__DATA PROVIDED__.
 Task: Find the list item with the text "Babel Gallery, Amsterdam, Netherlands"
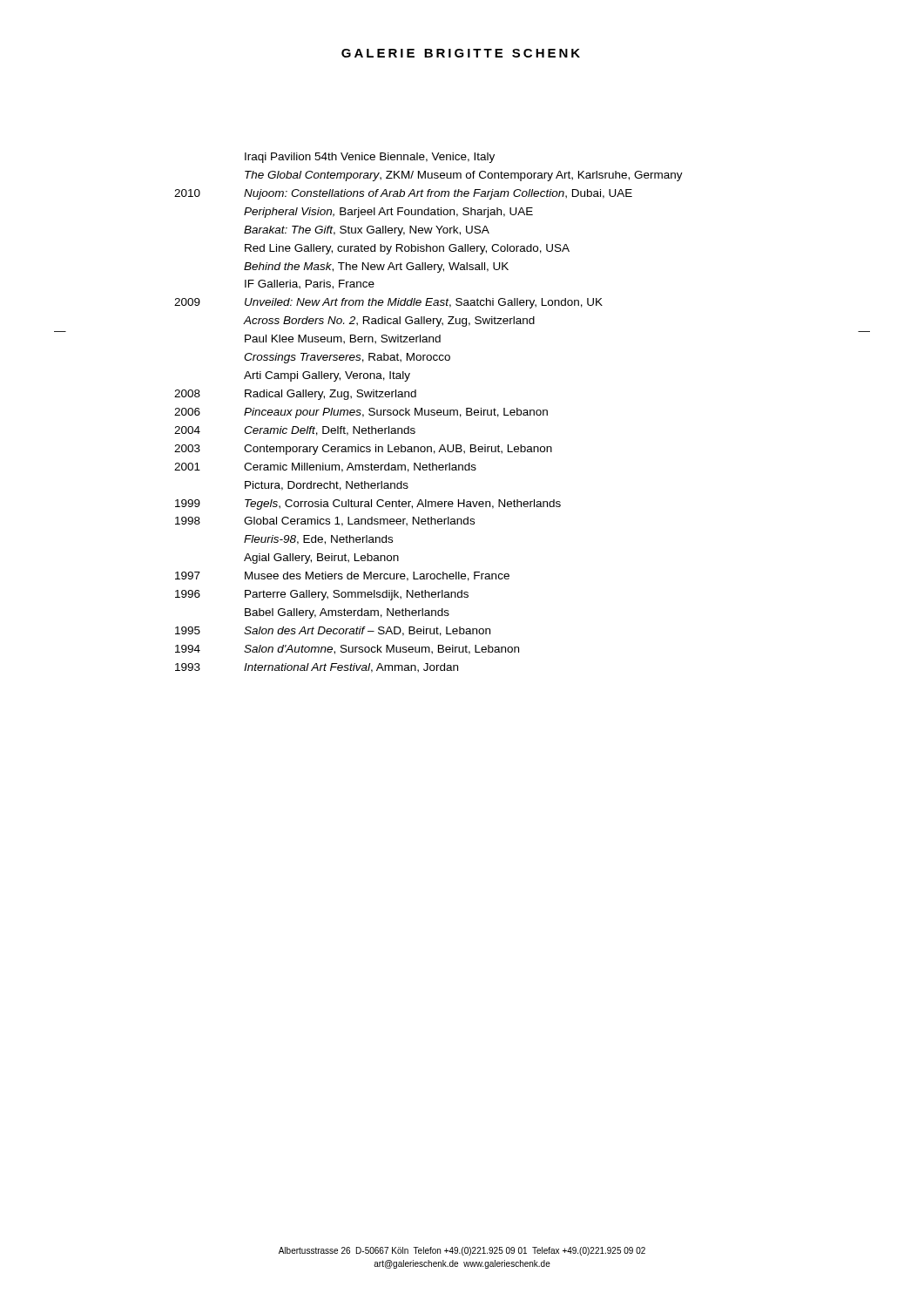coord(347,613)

--

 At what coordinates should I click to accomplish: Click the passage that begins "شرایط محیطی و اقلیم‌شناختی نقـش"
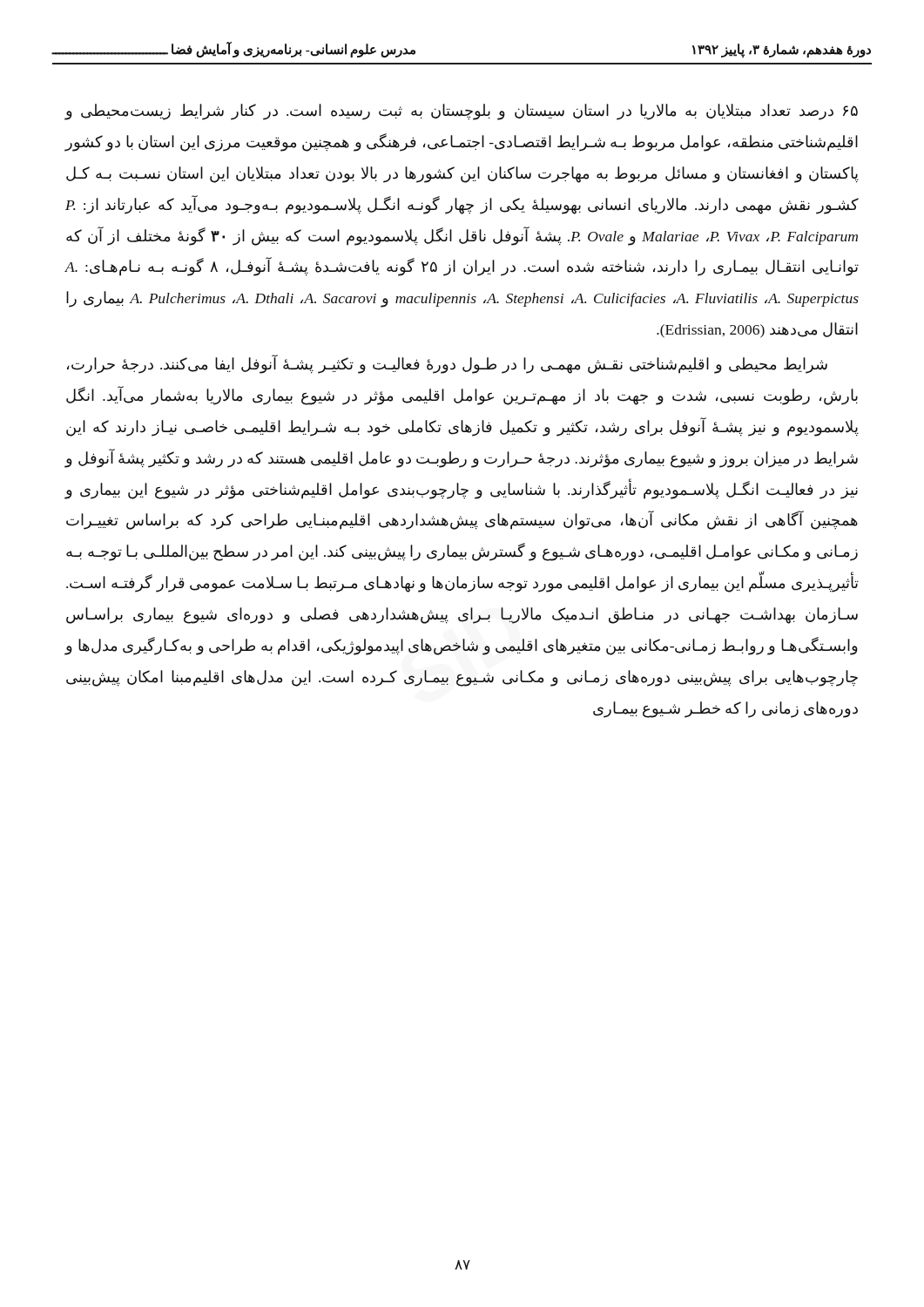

--

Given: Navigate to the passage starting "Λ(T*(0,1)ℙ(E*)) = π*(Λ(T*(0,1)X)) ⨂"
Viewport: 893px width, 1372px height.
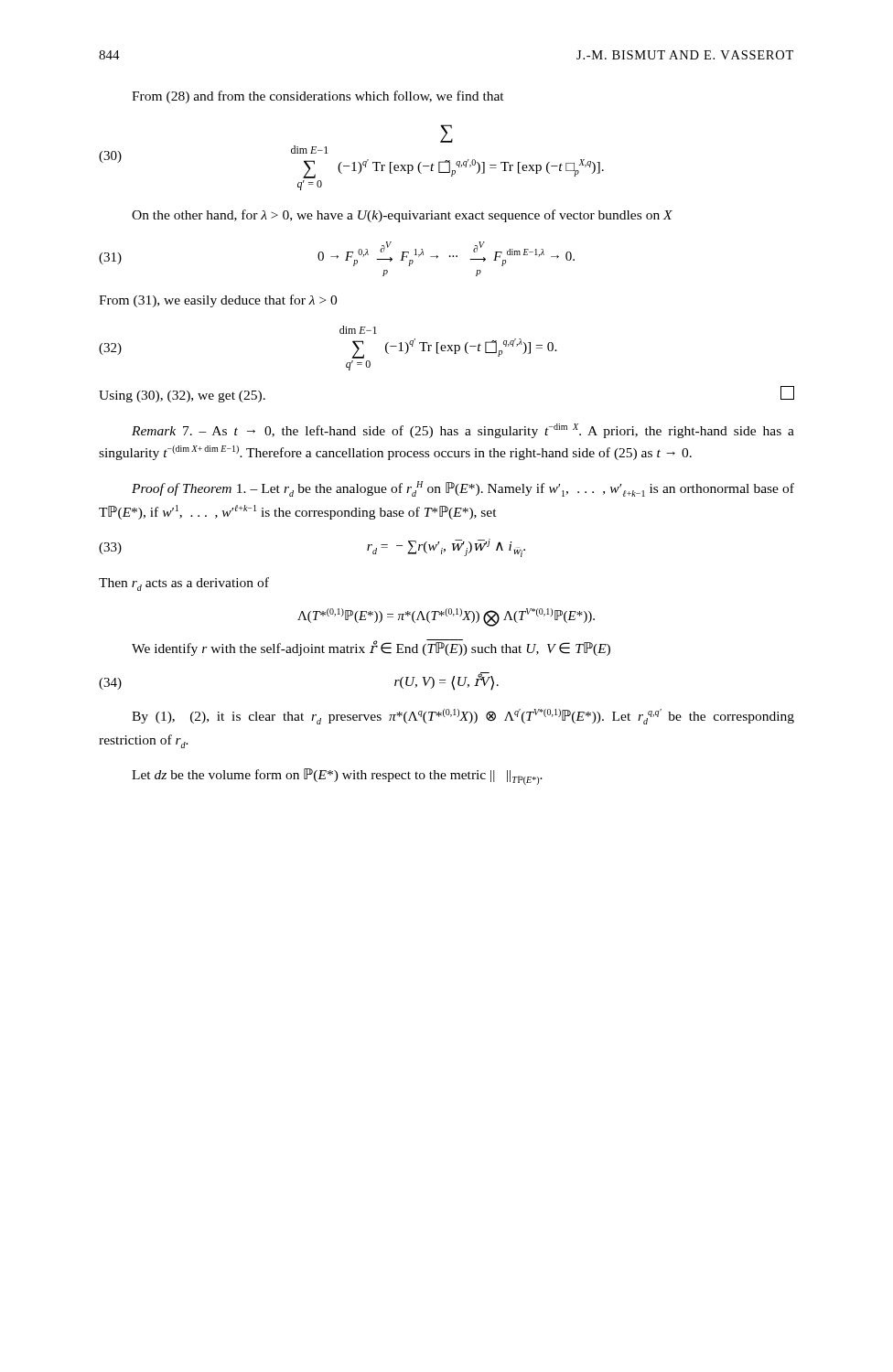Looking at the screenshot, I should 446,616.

__EXERCISE DIRECTIONS__. Search the entries for the word "passage", then gather every line that has it.

__YOUR RESPONSE__.
 At what coordinates should I click to accomplish: Click the passage that begins "شرایط محیطی و اقلیم‌شناختی نقـش"
Given: Navigate to the passage starting "Λ(T*(0,1)ℙ(E*)) = π*(Λ(T*(0,1)X)) ⨂"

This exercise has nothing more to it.